Closer to home, the Bank of England’s stress tests on Royal Bank of Scotland have revealed the extent of the wounds resulting from its unprincipled immersion in sub-prime lending in the USA. Its share price has plummeted by 35 per cent over the past 12 months, threatening the government’s ability to reduce the 73 per cent stake it “acquired” following the last bailout.
The ultimate figure for RBS fines and conduct charges, both here and in the USA, is presently indeterminate – but if current calculations of up to £20 billion prove remotely justified, the government might simply dump its holding, crystallizing a vast loss to taxpayers.
Regulatory extortion
This continuing charade amounts to little more than an unvarnished extortion racket by regulatory agencies whose uselessness needs some emphasis. Spelling out last month’s argument in a little more detail:

no more than token compensation

(i) Victims of these violations are invariably left waiting many years for no more than token compensation for their losses.
(ii) Financial penalties levied at the corporate level, for all their size, appear to have little deterrent value as instruments of reform. Why else would the same charade be repeating itself over and over?
(iii) Adverse findings and associated penalties invariably have a negative impact on entities’ share prices, thereby inflicting unwarranted further damage to the savings of innocent shareholders – clearly the wrong target.
(iv) The reprobates who mastermind and orchestrate the mis-selling and market rigging, and a further panoply of inventive violations, are rarely made to suffer personal retribution for their misdeeds: concepts of humiliation and redemption are meaningless to them, as amply evidenced by the nauseating levels of executive pay that persist.
(v) Auditors of the companies holding these investments were content to confine their vetting to every detail concerning the packages of bonds – except the true value of the dross they actually contained. Some auditing! But, after all, they and the masterminds behind the accounting fudge were often members of the same firm.

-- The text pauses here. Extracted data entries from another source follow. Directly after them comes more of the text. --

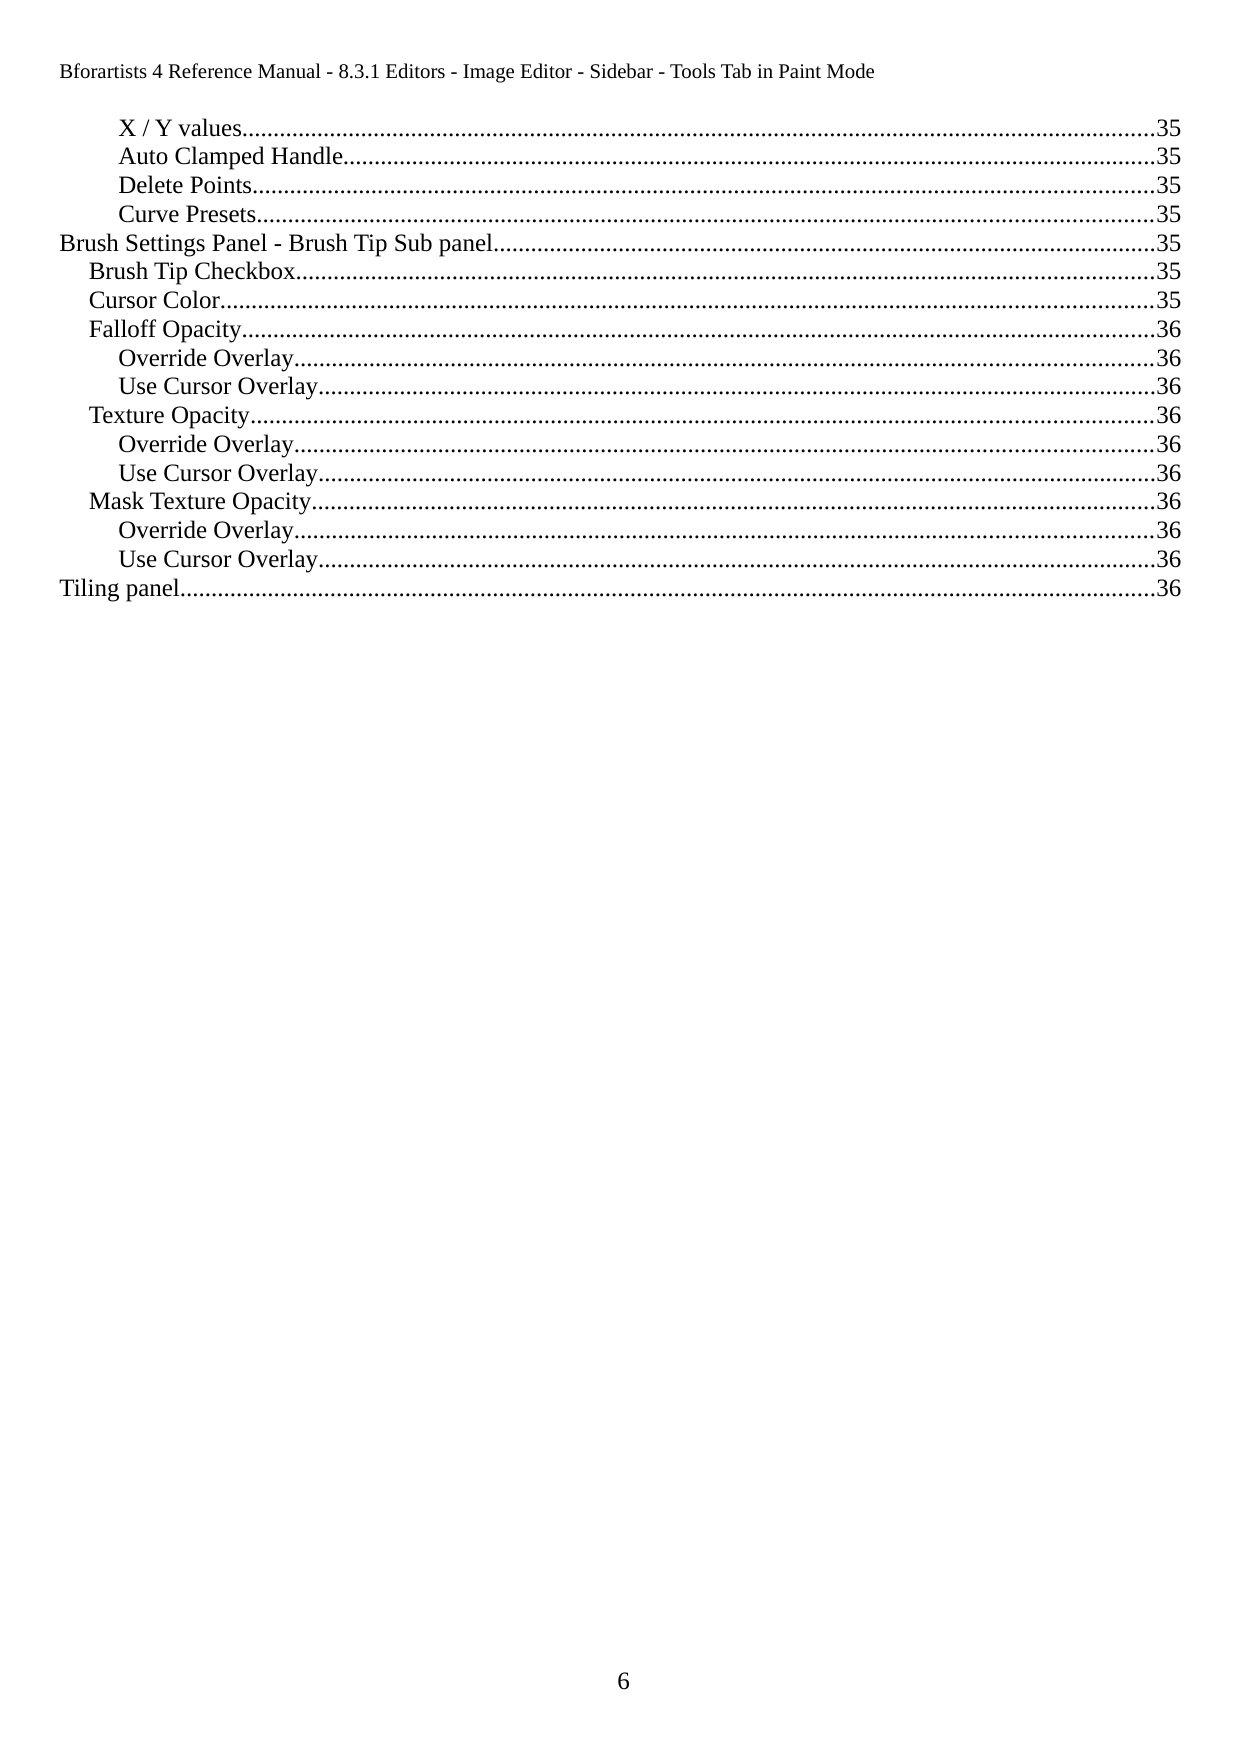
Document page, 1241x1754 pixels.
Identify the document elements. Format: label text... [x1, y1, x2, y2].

text Override Overlay 36 [118, 343, 1181, 371]
text Cursor Color 35 [88, 285, 1181, 314]
text Use Cursor Overlay 36 [118, 371, 1181, 400]
text Falloff Opacity 36 [88, 314, 1181, 343]
text X / Y values 35 [118, 113, 1181, 141]
text Mask Texture Opacity 36 [88, 486, 1181, 515]
text Texture Opacity 36 [88, 400, 1181, 429]
text Auto Clamped Handle 35 [118, 141, 1181, 170]
text Curve Presets 35 [118, 199, 1181, 228]
text Use Cursor Overlay 36 [118, 458, 1181, 486]
text Brush Tip Checkbox 35 [88, 256, 1181, 285]
text Delete Points 35 [118, 170, 1181, 199]
text Override Overlay 36 [118, 515, 1181, 544]
text Use Cursor Overlay 36 [118, 544, 1181, 573]
text Tiling panel 36 [59, 573, 1181, 601]
text Brush Settings Panel - Brush Tip Sub panel 35 [59, 228, 1181, 256]
text Override Overlay 36 [118, 429, 1181, 458]
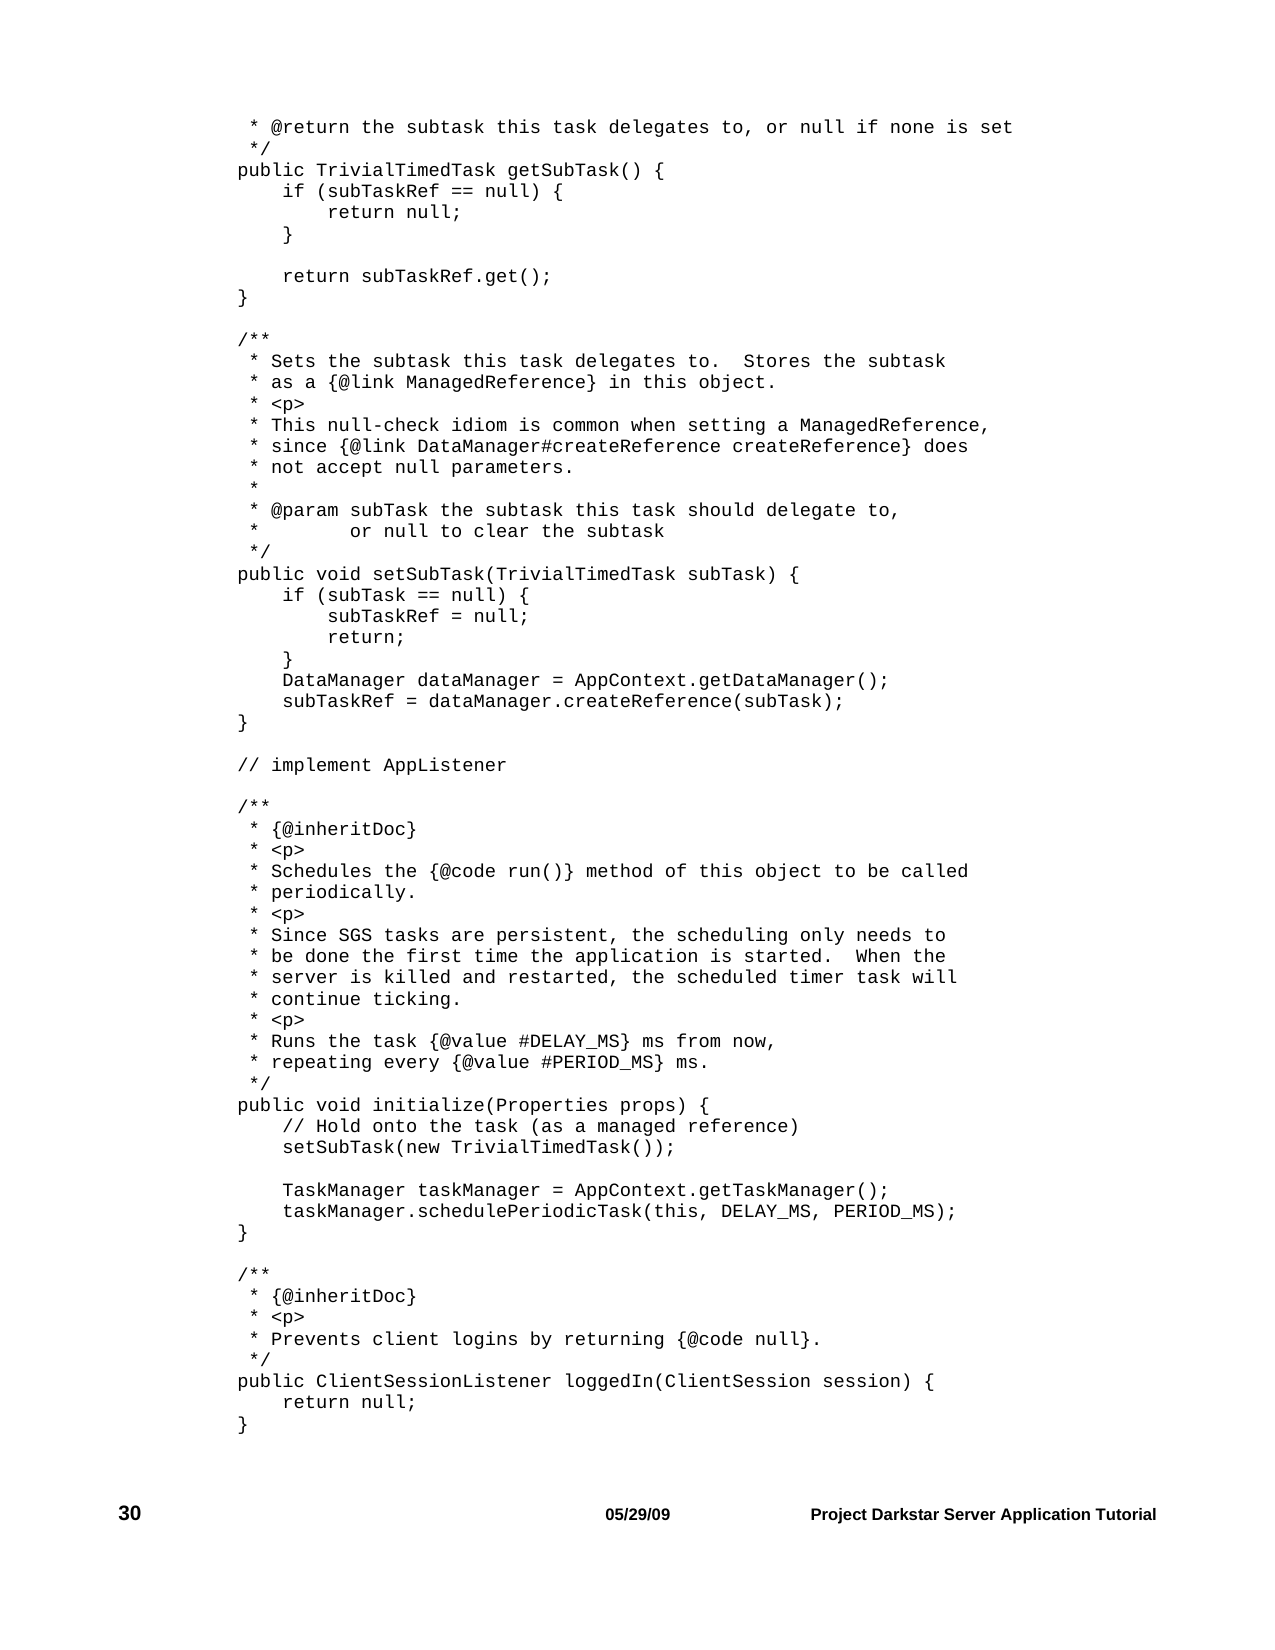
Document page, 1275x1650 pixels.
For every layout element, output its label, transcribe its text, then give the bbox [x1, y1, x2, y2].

text } [192, 649, 1098, 671]
text public ClientSessionListener loggedIn(ClientSession session) { [192, 1372, 1098, 1393]
text taskManager.schedulePeriodicTask(this, DELAY_MS, PERIOD_MS); [192, 1202, 1098, 1223]
text * since {@link DataManager#createReference createReference} does [192, 437, 1098, 458]
text */ [192, 543, 1098, 564]
text * Schedules the {@code run()} method of this object to be called [192, 862, 1098, 883]
text * as a {@link ManagedReference} in this object. [192, 373, 1098, 394]
text * server is killed and restarted, the scheduled timer task will [192, 968, 1098, 989]
text * @param subTask the subtask this task should delegate to, [192, 501, 1098, 522]
text * Since SGS tasks are persistent, the scheduling only needs to [192, 926, 1098, 947]
text subTaskRef = null; [192, 607, 1098, 628]
text if (subTaskRef == null) { [192, 182, 1098, 203]
text /** [192, 798, 1098, 819]
text return subTaskRef.get(); [192, 267, 1098, 288]
text */ [192, 1351, 1098, 1372]
text return null; [192, 1393, 1098, 1414]
text } [192, 1223, 1098, 1244]
text * Runs the task {@value #DELAY_MS} ms from now, [192, 1032, 1098, 1053]
text } [192, 713, 1098, 734]
text } [192, 1414, 1098, 1436]
text /** [192, 1266, 1098, 1287]
text * <p> [192, 1011, 1098, 1032]
text * This null-check idiom is common when setting a ManagedReference, [192, 416, 1098, 437]
text if (subTask == null) { [192, 586, 1098, 607]
text * not accept null parameters. [192, 458, 1098, 479]
text setSubTask(new TrivialTimedTask()); [192, 1138, 1098, 1159]
text * or null to clear the subtask [192, 522, 1098, 543]
text * continue ticking. [192, 989, 1098, 1011]
text * Prevents client logins by returning {@code null}. [192, 1329, 1098, 1351]
text public void setSubTask(TrivialTimedTask subTask) { [192, 564, 1098, 586]
text * <p> [192, 394, 1098, 416]
text subTaskRef = dataManager.createReference(subTask); [192, 692, 1098, 713]
text */ [192, 1074, 1098, 1096]
text * periodically. [192, 883, 1098, 904]
text return null; [192, 203, 1098, 224]
text * {@inheritDoc} [192, 819, 1098, 841]
text /** [192, 331, 1098, 352]
text * repeating every {@value #PERIOD_MS} ms. [192, 1053, 1098, 1074]
text * @return the subtask this task delegates to, or null if none is set [192, 118, 1098, 139]
text return; [192, 628, 1098, 649]
text * <p> [192, 841, 1098, 862]
text * {@inheritDoc} [192, 1287, 1098, 1308]
text } [192, 288, 1098, 309]
text // implement AppListener [192, 756, 1098, 777]
text DataManager dataManager = AppContext.getDataManager(); [192, 671, 1098, 692]
text public void initialize(Properties props) { [192, 1096, 1098, 1117]
text TaskManager taskManager = AppContext.getTaskManager(); [192, 1181, 1098, 1202]
text } [192, 224, 1098, 246]
text * <p> [192, 904, 1098, 926]
text * be done the first time the application is started. When the [192, 947, 1098, 968]
text * Sets the subtask this task delegates to. Stores the subtask [192, 352, 1098, 373]
text * <p> [192, 1308, 1098, 1329]
text */ [192, 139, 1098, 161]
text public TrivialTimedTask getSubTask() { [192, 161, 1098, 182]
text * [192, 479, 1098, 501]
text // Hold onto the task (as a managed reference) [192, 1117, 1098, 1138]
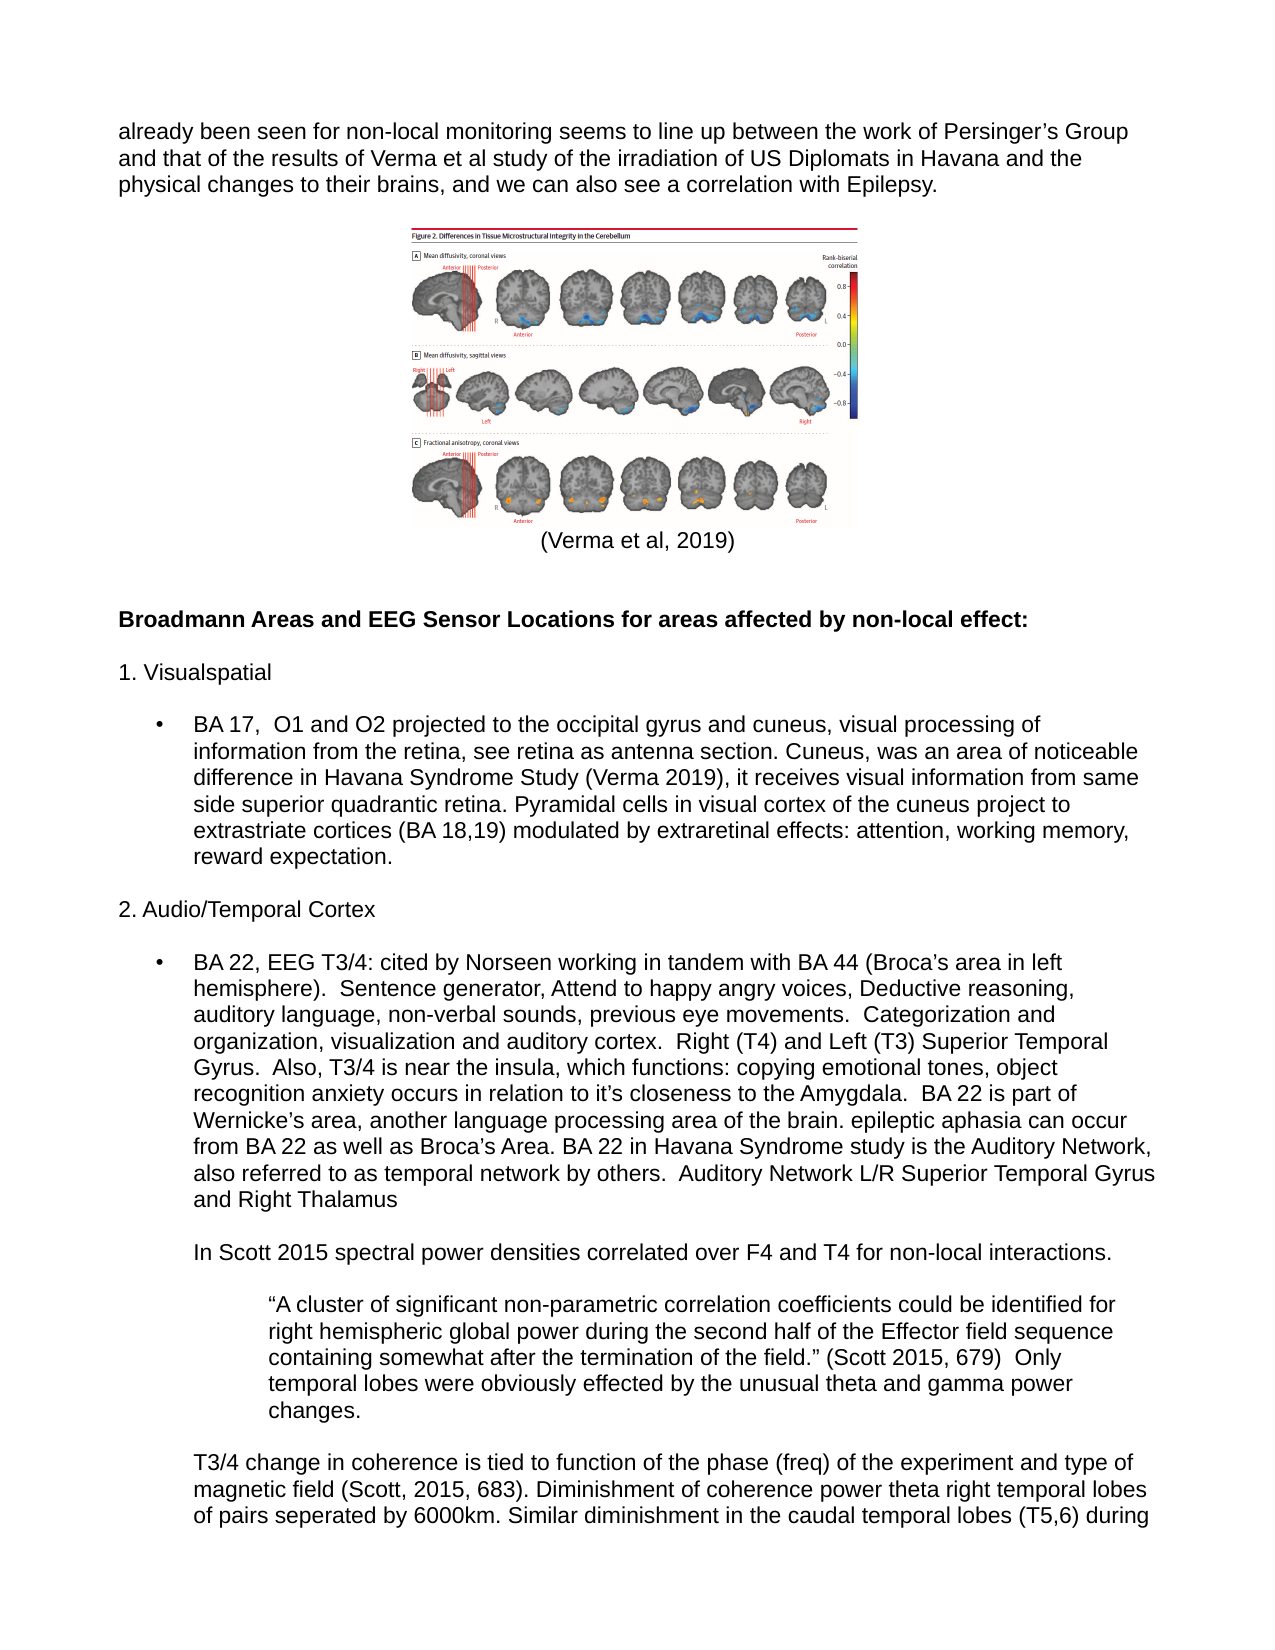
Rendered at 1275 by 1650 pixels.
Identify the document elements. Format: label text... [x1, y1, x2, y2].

text In Scott 2015 spectral power densities correlated over F4 and T4 for non-local interactions. [193, 1238, 1157, 1265]
text 2. Audio/Temporal Cortex [118, 896, 1157, 922]
text (Verma et al, 2019) [118, 527, 1157, 553]
text 1. Visualspatial [118, 659, 1157, 685]
list BA 22, EEG T3/4: cited by Norseen working in tandem with BA 44 (Broca’s area in left hemisphere). Sentence generator, Attend to happy angry voices, Deductive reasoning, auditory language, non-verbal sounds, previous eye movements. Categorization and organization, visualization and auditory cortex. Right (T4) and Left (T3) Superior Temporal Gyrus. Also, T3/4 is near the insula, which functions: copying emotional tones, object recognition anxiety occurs in relation to it’s closeness to the Amygdala. BA 22 is part of Wernicke’s area, another language processing area of the brain. epileptic aphasia can occur from BA 22 as well as Broca’s Area. BA 22 in Havana Syndrome study is the Auditory Network, also referred to as temporal network by others. Auditory Network L/R Superior Temporal Gyrus and Right Thalamus [156, 949, 1157, 1212]
text T3/4 change in coherence is tied to function of the phase (freq) of the experiment and type of magnetic field (Scott, 2015, 683). Diminishment of coherence power theta right temporal lobes of pairs seperated by 6000km. Similar diminishment in the caudal temporal lobes (T5,6) during [193, 1449, 1157, 1528]
text Broadmann Areas and EEG Sensor Locations for areas affected by non-local effect: [118, 606, 1157, 632]
text “A cluster of significant non-parametric correlation coefficients could be identified for right hemispheric global power during the second half of the Effector field sequence containing somewhat after the termination of the field.” (Scott 2015, 679) Only temporal lobes were obviously effected by the unusual theta and gamma power changes. [268, 1291, 1157, 1423]
text already been seen for non-local monitoring seems to line up between the work of Persinger’s Group and that of the results of Verma et al study of the irradiation of US Diplomats in Havana and the physical changes to their brains, and we can also see a correlation with Epilepsy. [118, 118, 1157, 197]
list BA 17, O1 and O2 projected to the occipital gyrus and cuneus, visual processing of information from the retina, see retina as antenna section. Cuneus, was an area of noticeable difference in Havana Syndrome Study (Verma 2019), it receives visual information from same side superior quadrantic retina. Pyramidal cells in visual cortex of the cuneus project to extrastriate cortices (BA 18,19) modulated by extraretinal effects: attention, working memory, reward expectation. [156, 711, 1157, 869]
picture [397, 223, 878, 527]

Arcane accounting practices

(vi) Arcane accounting practices were used to designate Triple A ratings to parcels of near worthless bonds, and spurious criteria were used by auditors for determining their holders’ loss provisions. The “incurred” loss model permitted the dross to be included in the holders’ balance sheets at book value until being compelled to face the reality of their worthlessness and write them off – perhaps years after the “expected” loss model would have crystallized those losses.
(vii) Companies issuing those bonds also had auditors. But when those companies issued duff paper (such as “reverse convertibles” – bonds that can be converted into equity if the issuer can no longer pay the interest) their auditors remained heedless of the impending litigious tempest about to threaten their clients’ solvency.
Unhinged remuneration levels
Governments are not blameless. Knee-jerk protection of banks has corrupted normal market processes of determining executive remuneration. Left to the market, pay at all levels of management tends to be higher in the most successful institutions, where wise executive management is at a premium.
But when governments, feigning misguided concern with the “public interest”, provide guarantees for insurance of deposits, and implicit promises of a bailout if all goes wrong, executive pay is set free of the market. Ignorance and greed become rampant.
We should not be surprised. Any system characterised by the above litany of corrupt practices will always create corrupt pay packets.
And – if you throw loans at people, their thoughts will become unanchored, heedless of the constraint of eventual repayment.